What will the impact be?  How long will it take before all vehicles are autonomous?  Will all professional drivers be put out of business?  Will this have a greater impact than the replacement of horses with cars?  What will happen to automobile insurance?  What about the 400,000 hospital beds a year emptied as car crashes disappear? What about the disappearance of 2 million arrests a year for drunk driving?  Will there be such a thing as a traffic ticket anymore?

What happens when this evolving technology is put into kitchen appliances, gardening equipment, and other products? Years ago science fiction writers pictured vehicles being driven by androids. But this is not how vehicles are becoming autonomous.  Instead sensors, actuators, emerging complex computation systems, and communications are being added to make vehicles autonomous. Thus, any highly used and repetitive activity that might be automated will similarly use simple to moderately complex actuators, sensors, and communications, as well as emerging complex computation systems to parallel what is happening with autonomous vehicles.

While complex sensors and actuators might be necessary to manipulate the kitchen of today, it would be easy to reorganize a kitchen of tomorrow that does not require complex sensors and actuators. As kitchens are the most commonly remodeled part of the home it is highly likely that the changes needed to realize automated kitchens in the near to mid-term will fall into place. The same is true in many other areas of endeavor.

In my recently published book “Leadership Improvement: The IT Maturity Method” (and the http://theitmm.com  website) I discuss how dozens of different areas of endeavor will be affected by the impending technological transformation of society. While this text only covers a limited set of all of the different endeavors that will be affected in the next five to fifteen years, it does delve deep into some of the more complex reasoning activities and how they will be impacted. In particularly it delves into leadership and how Information Technology can dramatically impact how leadership is done. Exceptional leaders will no longer be heroes, instead exceptional leadership will become the ability to methodically and continuously create heroes.

We are not just looking at the disappearance of almost all driving jobs, the automobile insurance industry, and the parts of police, courts, hospitals, and prisons associated with vehicular issues. We will also be seeing food production, food preparation, education and other industries dramatically impacted.  This impact will also dramatically affect more intellectual activities such as leadership, finance, law, and medicine. The impact will not be due to just automation of these reasoning systems, for in the next five to fifteen years only partial automation of reasoning in these fields is possible. The impact will be more the integration of partial reasoning, reorientation to service, and social media. An example of reorientation to service would be legal systems moving away from legal technicalities and towards fostering of effective negotiation (or better yet integration) between legal entities. Details of this is discussed in my above mentioned book. 

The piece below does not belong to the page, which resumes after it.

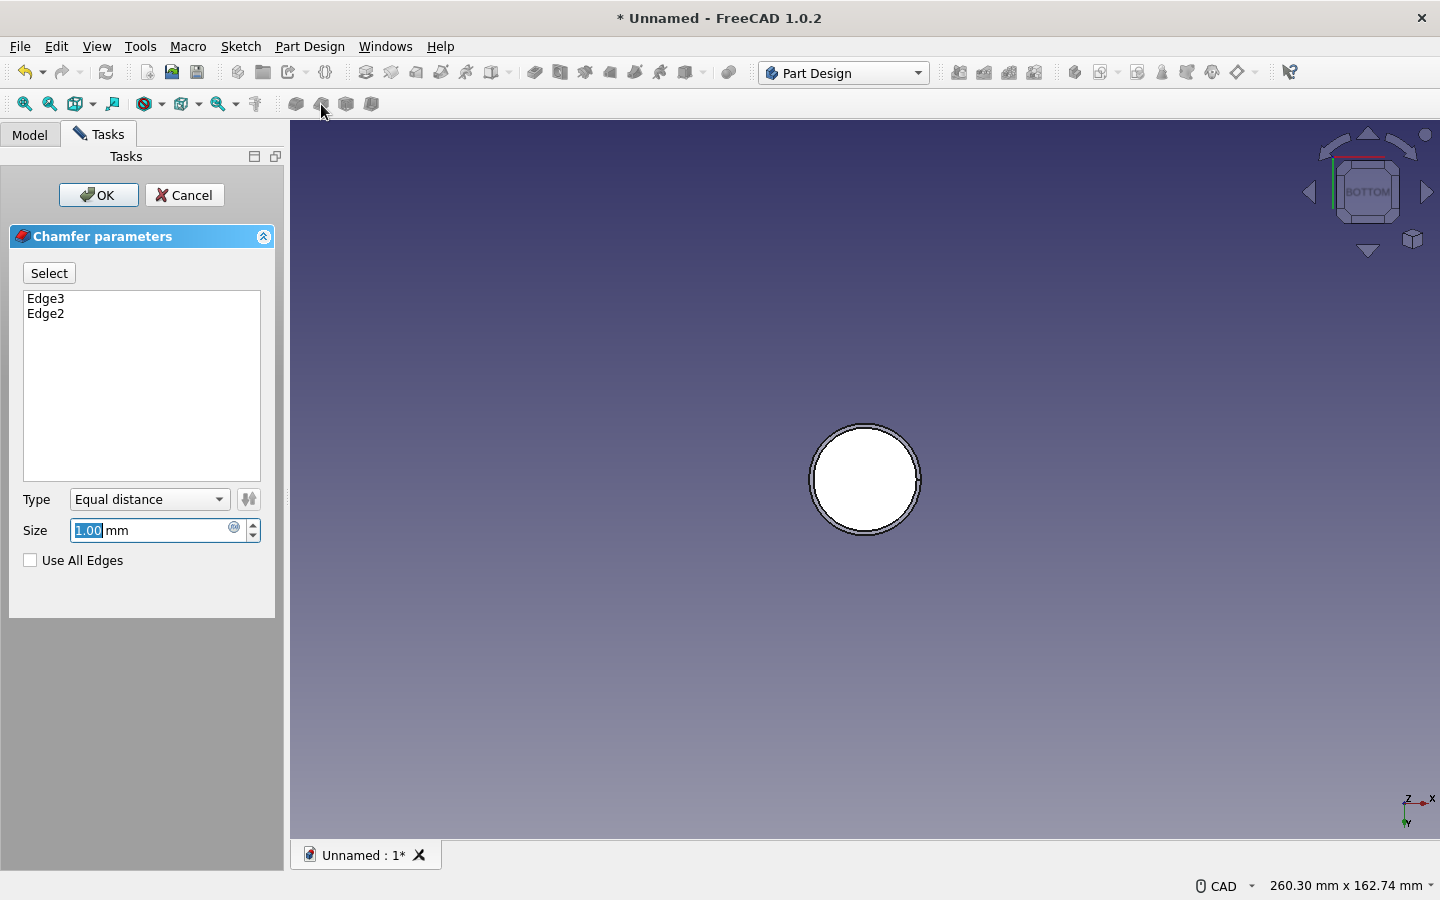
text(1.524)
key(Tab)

With massive numbers of jobs in almost every endeavor being replaced in ten to fifteen years one might think that other jobs will appear. While this might have happened in the past, for example teamsters moved from working with teams of horses to driving trucks, in this case similar moves will not be made. Yes there will be some new jobs in maintenance of more complex vehicles, but it will likely be just minimal growth that will likely be offset by other automation improvements. It is unquestionable that the number of jobs available will shrink to just a fraction of what it is today. 

No society can cope with 80-90% unemployment. The societies that adapt the most effectively will succeed.  Those that don’t will fail big time. When the electorate wakes up and recognizes that their jobs too will evaporate in the mid future, it will become abundantly obvious that they will need to choose leaders that cannot only adapt to these changes but also take advantage of these changes. The political debates of today will become inconsequential very quickly.